HONK

A 70 year old female who is a daily wager by occupation came with Complaints of altered sensorium since afternoon and abnormal posture. 
Patient was apparently asymptomatic till afternoon after which she had her afternoon lunch and took a nap after which her daughter in law observed abnormal behaviour of her not recognising her, murmuring for which she was taken to a near by RMP from there she was referred to our center . 

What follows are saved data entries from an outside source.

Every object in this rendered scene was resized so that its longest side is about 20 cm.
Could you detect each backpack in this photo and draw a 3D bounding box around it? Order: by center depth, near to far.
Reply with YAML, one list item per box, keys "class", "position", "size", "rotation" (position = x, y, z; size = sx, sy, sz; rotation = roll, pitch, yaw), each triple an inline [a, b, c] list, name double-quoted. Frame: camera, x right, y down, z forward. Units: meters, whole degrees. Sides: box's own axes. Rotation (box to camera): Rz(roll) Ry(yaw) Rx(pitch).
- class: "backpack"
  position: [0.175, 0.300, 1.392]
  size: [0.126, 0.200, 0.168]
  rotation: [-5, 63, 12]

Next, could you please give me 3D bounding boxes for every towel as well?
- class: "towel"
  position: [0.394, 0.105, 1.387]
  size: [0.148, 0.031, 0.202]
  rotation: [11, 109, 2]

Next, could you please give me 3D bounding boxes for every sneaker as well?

History of Fever 4 days back which was sudden in onset associated with chills and rigors subsided on taking medication which lasted for one day. 
History of giddiness ( non rotational ) for which she was taken to a near by RMP where she was told she has high blood pressure and was given medication. 

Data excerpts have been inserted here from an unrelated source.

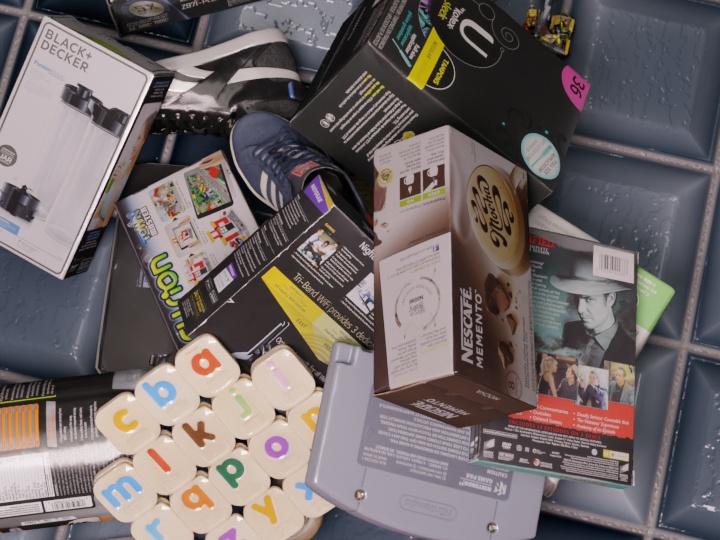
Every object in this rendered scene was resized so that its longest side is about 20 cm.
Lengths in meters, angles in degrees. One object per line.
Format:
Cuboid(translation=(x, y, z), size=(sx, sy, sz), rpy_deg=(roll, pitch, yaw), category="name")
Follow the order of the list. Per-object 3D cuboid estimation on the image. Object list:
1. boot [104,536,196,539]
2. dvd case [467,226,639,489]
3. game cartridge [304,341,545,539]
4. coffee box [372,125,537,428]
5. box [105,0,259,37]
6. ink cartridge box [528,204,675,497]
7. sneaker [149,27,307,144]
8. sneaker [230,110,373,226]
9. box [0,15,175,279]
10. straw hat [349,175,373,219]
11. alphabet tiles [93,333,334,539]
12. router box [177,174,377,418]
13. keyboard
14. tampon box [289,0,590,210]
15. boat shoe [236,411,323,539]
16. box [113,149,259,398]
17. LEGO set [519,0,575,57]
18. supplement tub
Cuboid(translation=(-0.223, 0.280, 1.440), size=(0.197, 0.073, 0.092), rpy_deg=(-6, 98, -7), category="boot")
Cuboid(translation=(0.159, 0.068, 1.394), size=(0.144, 0.022, 0.203), rpy_deg=(11, 72, -21), category="dvd case")
Cuboid(translation=(0.056, 0.145, 1.366), size=(0.198, 0.040, 0.135), rpy_deg=(17, 74, -19), category="game cartridge")
Cuboid(translation=(0.072, 0.007, 1.324), size=(0.079, 0.113, 0.202), rpy_deg=(-17, 62, 36), category="coffee box")
Cuboid(translation=(-0.153, -0.328, 1.590), size=(0.198, 0.086, 0.166), rpy_deg=(-14, 75, -4), category="box")
Cuboid(translation=(0.156, 0.070, 1.477), size=(0.145, 0.084, 0.201), rpy_deg=(32, 77, 8), category="ink cartridge box")
Cuboid(translation=(-0.140, -0.136, 1.542), size=(0.198, 0.073, 0.113), rpy_deg=(-22, 74, -7), category="sneaker")
Cuboid(translation=(-0.047, -0.077, 1.445), size=(0.075, 0.085, 0.200), rpy_deg=(-36, 62, -11), category="sneaker")
Cuboid(translation=(-0.258, -0.109, 1.502), size=(0.116, 0.060, 0.202), rpy_deg=(29, 102, 8), category="box")
Cuboid(translation=(0.000, 0.000, 1.497), size=(0.198, 0.085, 0.204), rpy_deg=(0, 75, 1), category="straw hat")
Cuboid(translation=(-0.111, 0.148, 1.374), size=(0.199, 0.015, 0.196), rpy_deg=(-35, 117, 9), category="alphabet tiles")
Cuboid(translation=(-0.024, 0.043, 1.383), size=(0.157, 0.200, 0.052), rpy_deg=(-40, 34, 9), category="router box")
Cuboid(translation=(-0.163, 0.002, 1.533), size=(0.125, 0.021, 0.203), rpy_deg=(5, 75, 8), category="keyboard")
Cuboid(translation=(0.071, -0.142, 1.458), size=(0.199, 0.126, 0.151), rpy_deg=(37, 47, -13), category="tampon box")
Cuboid(translation=(-0.078, 0.140, 1.468), size=(0.073, 0.066, 0.202), rpy_deg=(-22, 73, 5), category="boat shoe")
Cuboid(translation=(-0.128, 0.000, 1.476), size=(0.109, 0.035, 0.201), rpy_deg=(-26, 58, -2), category="box")
Cuboid(translation=(0.106, -0.260, 1.552), size=(0.198, 0.116, 0.155), rpy_deg=(21, 76, 6), category="LEGO set")
Cuboid(translation=(-0.265, 0.153, 1.438), size=(0.197, 0.123, 0.124), rpy_deg=(-6, 74, -1), category="supplement tub")

History of neck pain since 3 days for which she went to a near by RMP and took medication. 
Not a known case of hypertension and diabetes. No history of head injury or trauma to head . No complaints of seizures, loss of consciousness, black outs . 

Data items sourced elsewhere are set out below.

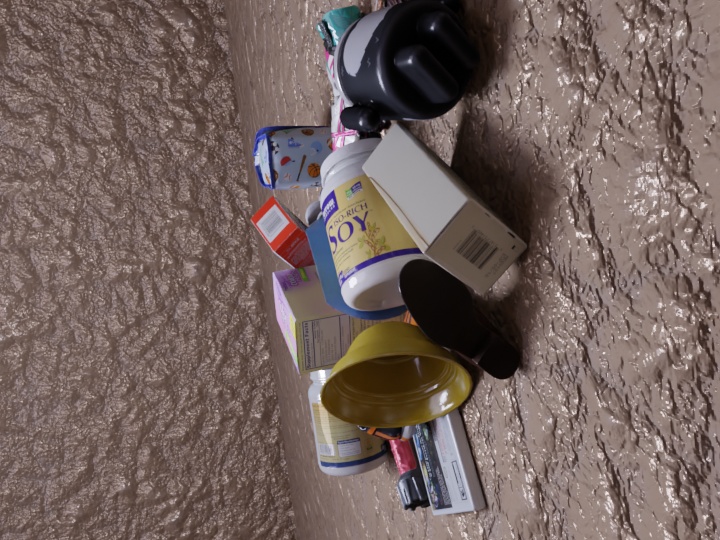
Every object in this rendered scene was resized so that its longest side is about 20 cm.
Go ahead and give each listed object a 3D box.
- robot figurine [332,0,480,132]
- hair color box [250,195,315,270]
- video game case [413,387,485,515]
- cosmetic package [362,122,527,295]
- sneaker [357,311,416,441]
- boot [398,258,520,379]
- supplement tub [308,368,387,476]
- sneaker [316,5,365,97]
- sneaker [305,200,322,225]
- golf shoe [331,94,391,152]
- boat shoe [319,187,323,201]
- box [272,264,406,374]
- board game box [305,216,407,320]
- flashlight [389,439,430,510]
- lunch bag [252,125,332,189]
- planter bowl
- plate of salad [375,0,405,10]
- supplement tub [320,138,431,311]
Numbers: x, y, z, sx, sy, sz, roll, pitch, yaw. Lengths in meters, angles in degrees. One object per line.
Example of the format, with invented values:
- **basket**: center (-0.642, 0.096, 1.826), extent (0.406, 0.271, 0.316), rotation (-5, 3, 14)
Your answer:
- **robot figurine**: center (0.045, -0.234, 0.723), extent (0.199, 0.148, 0.127), rotation (26, 131, 61)
- **hair color box**: center (-0.097, -0.035, 1.156), extent (0.111, 0.064, 0.200), rotation (48, -177, 42)
- **video game case**: center (0.117, 0.253, 0.954), extent (0.182, 0.023, 0.204), rotation (118, 140, -65)
- **cosmetic package**: center (0.085, -0.074, 0.707), extent (0.073, 0.103, 0.201), rotation (-49, 34, 14)
- **sneaker**: center (0.037, 0.142, 0.938), extent (0.078, 0.110, 0.205), rotation (149, 132, -79)
- **boot**: center (0.080, 0.036, 0.757), extent (0.186, 0.064, 0.200), rotation (46, 179, -22)
- **supplement tub**: center (-0.027, 0.283, 1.264), extent (0.144, 0.141, 0.205), rotation (174, 87, -74)
- **sneaker**: center (-0.016, -0.347, 1.011), extent (0.201, 0.082, 0.123), rotation (-116, 14, -51)
- **sneaker**: center (-0.053, -0.087, 1.112), extent (0.199, 0.114, 0.076), rotation (31, 96, 42)
- **golf shoe**: center (-0.007, -0.207, 0.927), extent (0.093, 0.072, 0.201), rotation (60, 156, 18)
- **boat shoe**: center (-0.034, -0.089, 1.232), extent (0.202, 0.067, 0.057), rotation (-117, 23, -44)
- **box**: center (-0.029, 0.065, 1.050), extent (0.176, 0.196, 0.099), rotation (-128, 33, -59)
- **board game box**: center (0.000, 0.000, 0.977), extent (0.039, 0.155, 0.203), rotation (117, 142, -48)
- **flashlight**: center (0.064, 0.296, 1.085), extent (0.069, 0.066, 0.203), rotation (94, 162, -54)
- **lunch bag**: center (-0.123, -0.228, 1.288), extent (0.200, 0.166, 0.127), rotation (-156, 61, -72)
- **planter bowl**: center (0.044, 0.126, 0.846), extent (0.202, 0.196, 0.085), rotation (101, 168, -51)
- **plate of salad**: center (0.042, -0.310, 0.870), extent (0.200, 0.047, 0.205), rotation (171, 90, -76)
- **supplement tub**: center (0.024, -0.062, 0.888), extent (0.146, 0.142, 0.204), rotation (115, 143, -64)

K/c/o alcoholic occasionally. 50 ML over last 45 years 
On examination : tongue : dry 
Dehydration . 

In admission, her GRBS was high @ 8pm 
@9pm @ 9:30pm @10:30pm 
RBS- 9:30pm - 640 mg/dl 

CUE : Sugars ++++
Urine for ketones : negative 
Albumin : Trace 
Na - 131 
K - 4.1 
Cl - 101 
Hb- 12.1 
TLC- 13,800 
N- 65 
L- 25 
E- 05 
B-00 
PLT-1.35
ABG: 
PH - 7.4
PCo2 - 22.4 
PO2 - 84.7 
HCO3 (St) - 16.9 
HCO3 - 14.6 
SO2- 97 %

Diagnosis : ? Metabolic encephalopathy secondary to hyperglycaemic hyperosmolar non-ketotic coma.